Comparo sentimentos. Me entendo melhor assim, mesmo que pouco. Certa vez me peguei comparando um sentimento meu por uma pessoa, com o que eu sinto pela lua.
Gosto muito da lua. Primeiro porque a ela é inteligente: saber usar sutilmente a luz do sol para si, sem roubá-la dele. Segundo: ela nunca é a mesma, muda de faces. Visto meu enjoo rápido e exagerado por tudo, isso ajuda muito. Terceiro: ela exala mistério e brilho. E, como se tudo isso não bastasse, ela é estupidamente linda. Então, lembrei de uma pessoa.
Eu a vejo e a admiro quando ela está ali, estampada no céu. Eu a amo, e confesso-a. Conto meus segredos íntimos, procuro-nos em canções, ignoro as estrelas, o céu e todo o resto do elenco que faz parte do seu espetáculo. Porém, só quando ela está ali. Quando ela vai embora leva tudo consigo, inclusive as lembranças.

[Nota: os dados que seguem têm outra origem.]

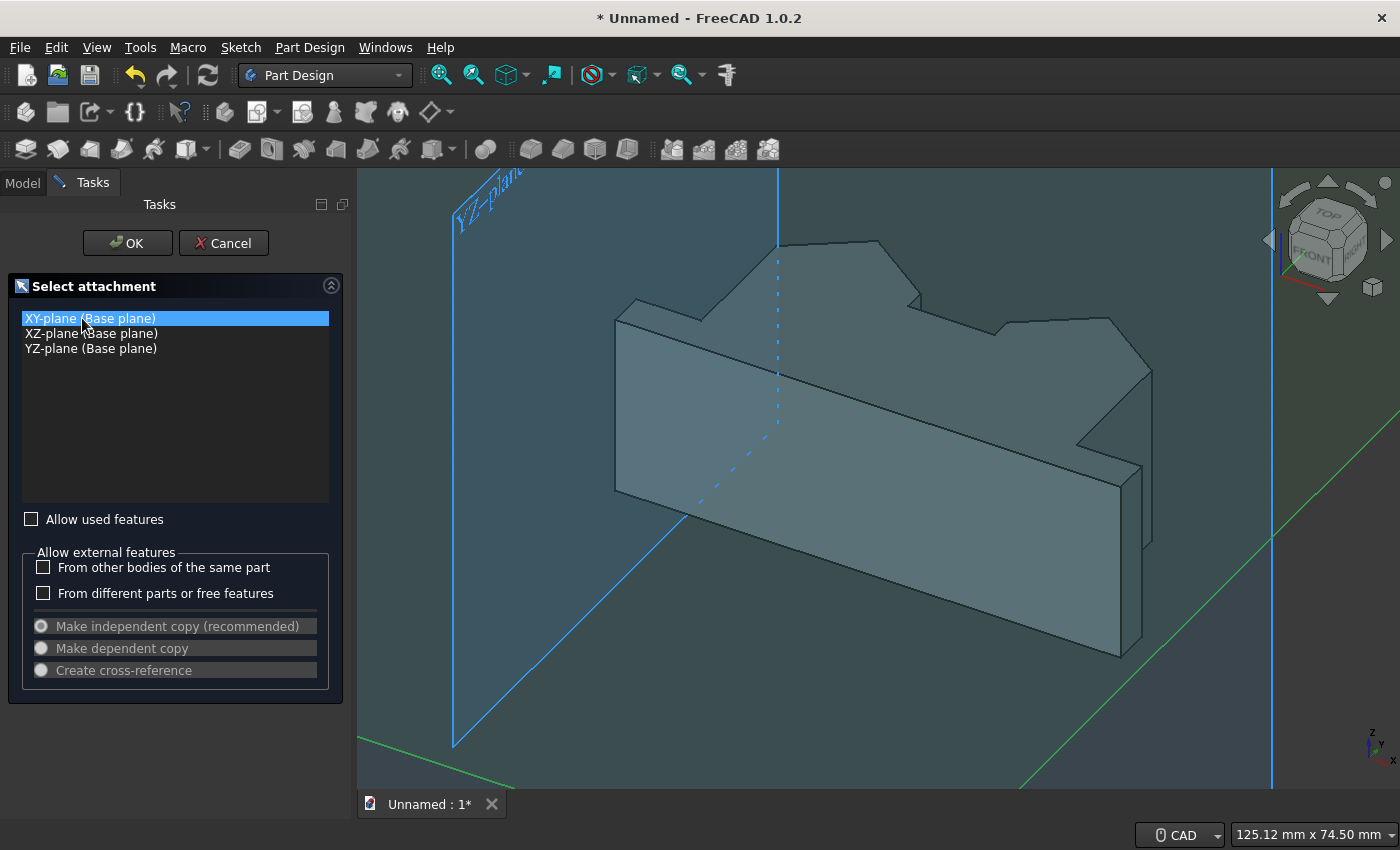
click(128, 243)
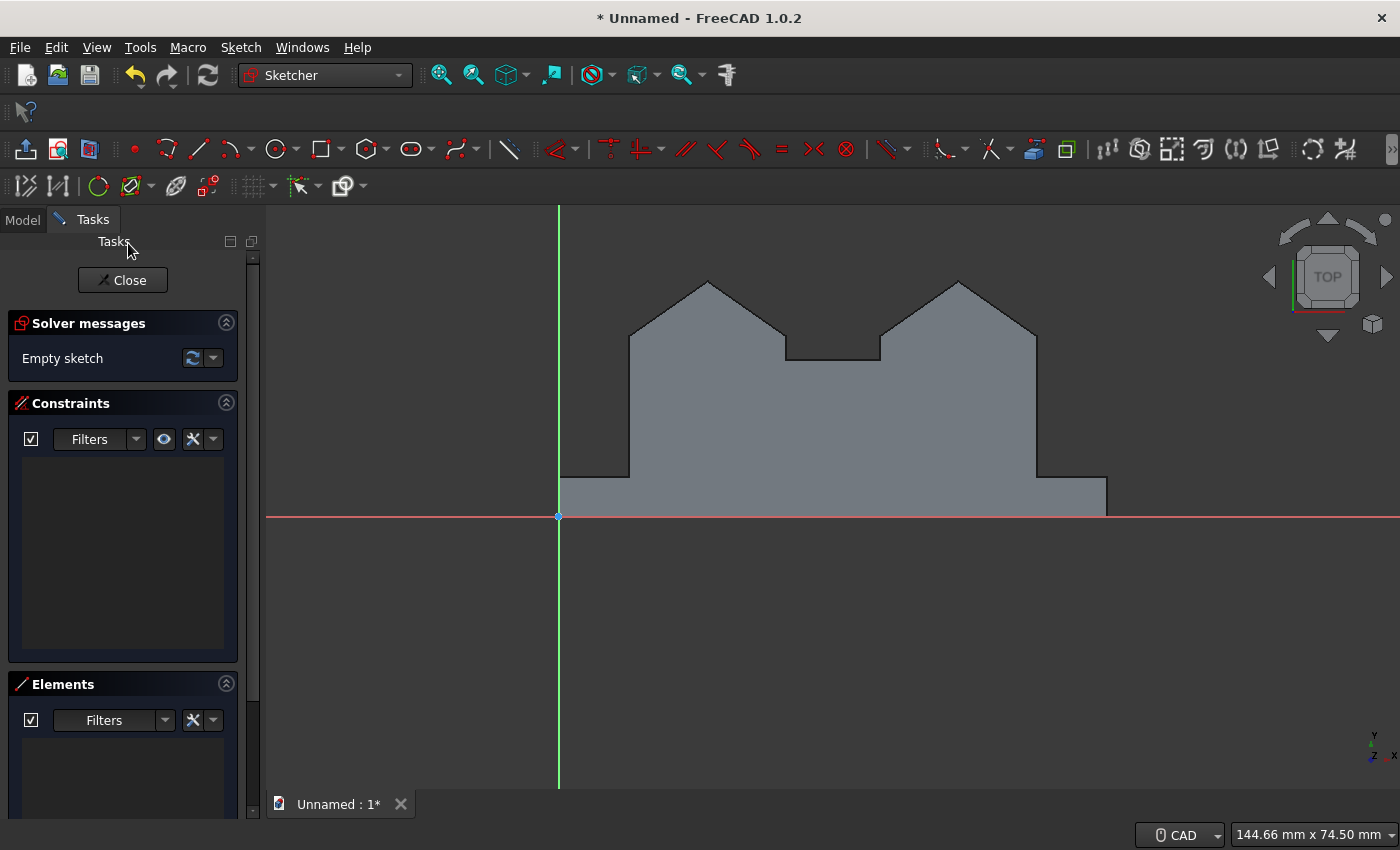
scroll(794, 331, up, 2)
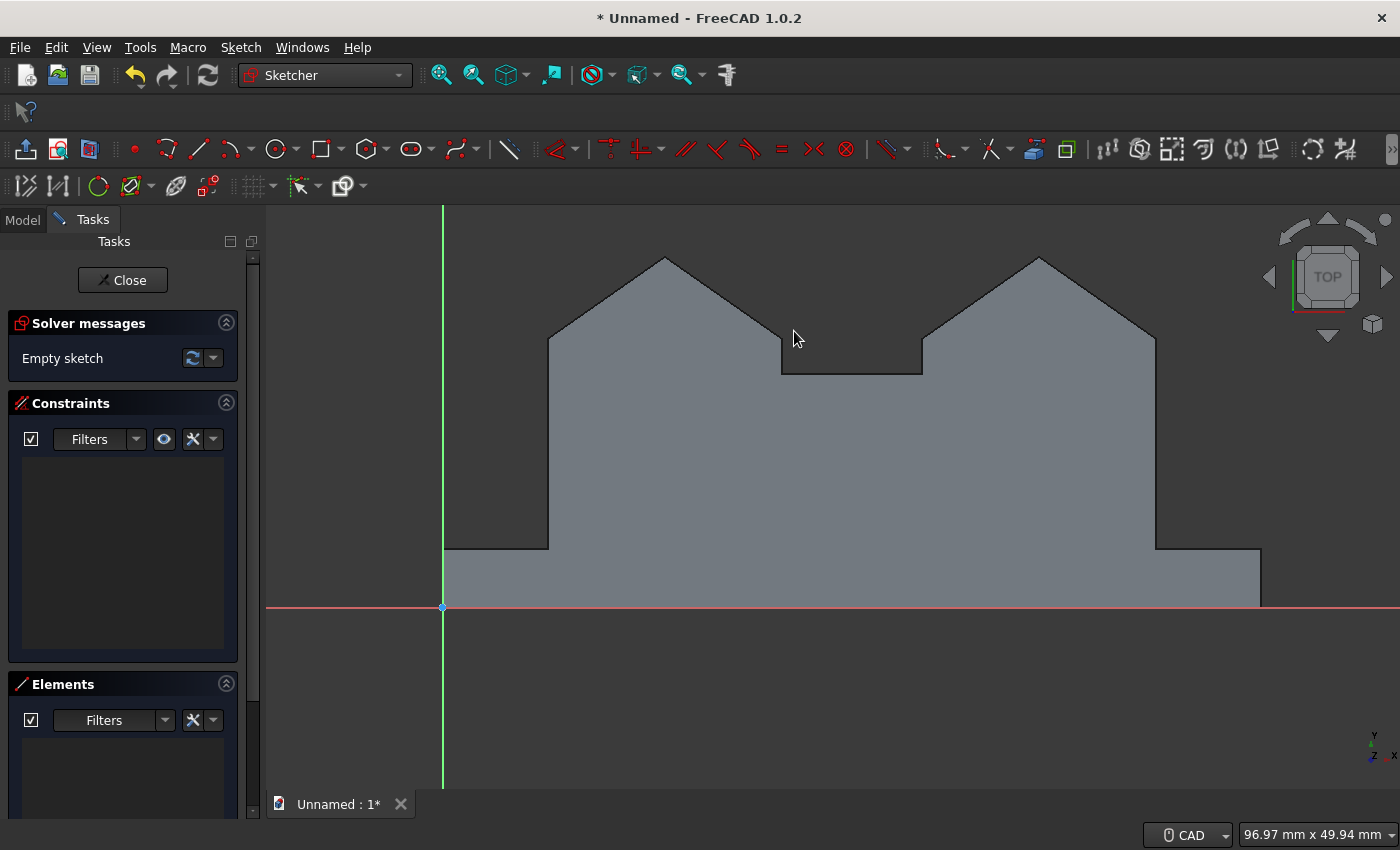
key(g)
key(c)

Eu não sei dizer o nome disso, eu não sei se isso tem um nome. Só sei que é exatamente o que sinto por alguém. Alguém que me faz muito bem enquanto está aqui comigo, e que como o luar, quando vai embora, não se torna nem lembrança. Alguém que talvez não sinta o mesmo por mim, até porque raramente os sentimentos de ambos são iguais.
Talvez eu deveria mudar isso. Vontade até tenho, mas não, não quero. Deixe estar. Egoísmo? Pode ser. Vai que um dia, inusitadamente, eu lembre da lua mesmo com o raiar do dia?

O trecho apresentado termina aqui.